Les Centres pour Handicapés Physiques (C.H.P.) trouvent leur origine lointaine en 1970 grâce à l'instigation de la Sœur Thérèse Reatini Margurite de la Congrégation des Oblates de l'Assomption. Elle conçut l'idée de rassembler les handicapés afin de mieux connaître leurs problèmes, leur donner la chance de participer au développement de leur contrée. Bientôt le centre de Butembo, Heshima Letu, qui était en liaison avec celui de Goma connut un développement inattendu. En 1975, un centre d'appareillage s'y ouvrit et quatre ans plus tard, en 1979, au Nord-ouest du diocèse, à Mangina, la Sœur Thérèse Reatini ouvre un second centre du même genre.

Le véritable démarrage du Centre pour Handicapés Physiques de Butembo (CHP) eut lieu en 1983 lorsque les nouveaux statuts furent approuvés.
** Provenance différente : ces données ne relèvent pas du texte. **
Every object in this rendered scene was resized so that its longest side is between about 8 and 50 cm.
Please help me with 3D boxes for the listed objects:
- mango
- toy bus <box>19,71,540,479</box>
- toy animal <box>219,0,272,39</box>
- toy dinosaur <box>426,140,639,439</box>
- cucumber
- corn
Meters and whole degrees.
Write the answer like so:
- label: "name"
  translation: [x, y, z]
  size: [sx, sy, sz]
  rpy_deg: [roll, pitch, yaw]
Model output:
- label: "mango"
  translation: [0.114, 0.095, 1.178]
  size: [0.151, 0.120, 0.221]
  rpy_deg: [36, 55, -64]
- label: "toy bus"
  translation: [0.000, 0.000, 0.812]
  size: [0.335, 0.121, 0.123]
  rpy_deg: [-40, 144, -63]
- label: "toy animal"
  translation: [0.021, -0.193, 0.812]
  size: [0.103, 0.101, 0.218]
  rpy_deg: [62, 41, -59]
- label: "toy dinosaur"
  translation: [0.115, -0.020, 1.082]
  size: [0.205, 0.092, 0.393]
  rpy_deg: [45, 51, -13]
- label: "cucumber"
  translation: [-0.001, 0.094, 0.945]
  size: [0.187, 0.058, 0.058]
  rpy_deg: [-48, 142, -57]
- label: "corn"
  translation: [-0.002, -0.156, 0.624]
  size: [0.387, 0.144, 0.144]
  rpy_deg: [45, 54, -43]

Ainsi le centre eut son adhésion comme membre effectif à l'Association des Centres pour Handicapés en Afrique Centrale (A.C.H.A.C.). La même année le dossier d'agrément du centre de Butembo fut déposé à Kinshasa tandis que l'on établissait sur place un comité de gestion et une organisation administrative. En fait, depuis 1979 jusqu'en 1983, la Sœur Thérèse Reatini Marguerite, sentant le poids de l'âge et manquant de l’énergie nécessaire pour s'occuper de la gestion des deux centres de Butembo et de Mangina, interpella le diocèse sur la question des handicapés physiques.

Consultant les responsables des différentes Congrégations religieuses du diocèse à savoir les Assomptionnistes, les Oblates de l'Assomption et les Petites Sœurs de la Présentation, elle ne trouva personne qui voulut l'épauler car ces Instituts religieux trouvaient que ce genre d'apostolat était non seulement délicat mais aussi difficile pour en prendre la responsabilité 1411 .
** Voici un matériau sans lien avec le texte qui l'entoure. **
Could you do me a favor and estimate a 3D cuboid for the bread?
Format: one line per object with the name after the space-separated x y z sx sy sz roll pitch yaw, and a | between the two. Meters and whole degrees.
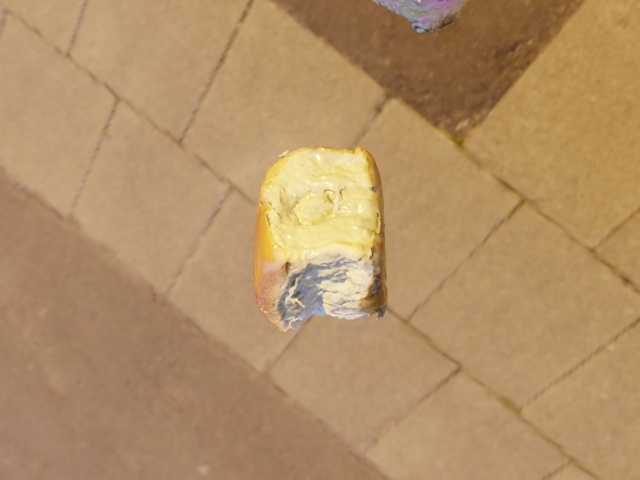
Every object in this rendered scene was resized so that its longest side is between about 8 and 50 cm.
-0.002 -0.001 0.709 0.077 0.083 0.070 -3 143 6 | bread

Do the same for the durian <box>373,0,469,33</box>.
0.036 -0.268 0.914 0.112 0.341 0.191 47 112 35 | durian

C'est la raison pour laquelle Mgr Mutien Mupendawatu proposa les Frères de l'Assomption. Ces derniers s'engagèrent à en assumer la supervision sous la direction du Frère Pura.Maliyabwana Gilbertqui, arraché à ses études de première année de graduat à l'Institut Supérieur Pédagogique de Bunia, se prépara d'abord psychologiquement dans le centre de Goma pour finalement se spécialiser en la matière en Belgique 1412 . À son retour d’études, il lança, en 1983, un service ambulatoire dans tout le diocèse. Ce service consistait à aller contacter les handicapés dans leur milieu ordinaire, à les recenser, à les aider à se rendre au centre pour les cas qui nécessitaient des soins appropriés, et à leur donner des causeries.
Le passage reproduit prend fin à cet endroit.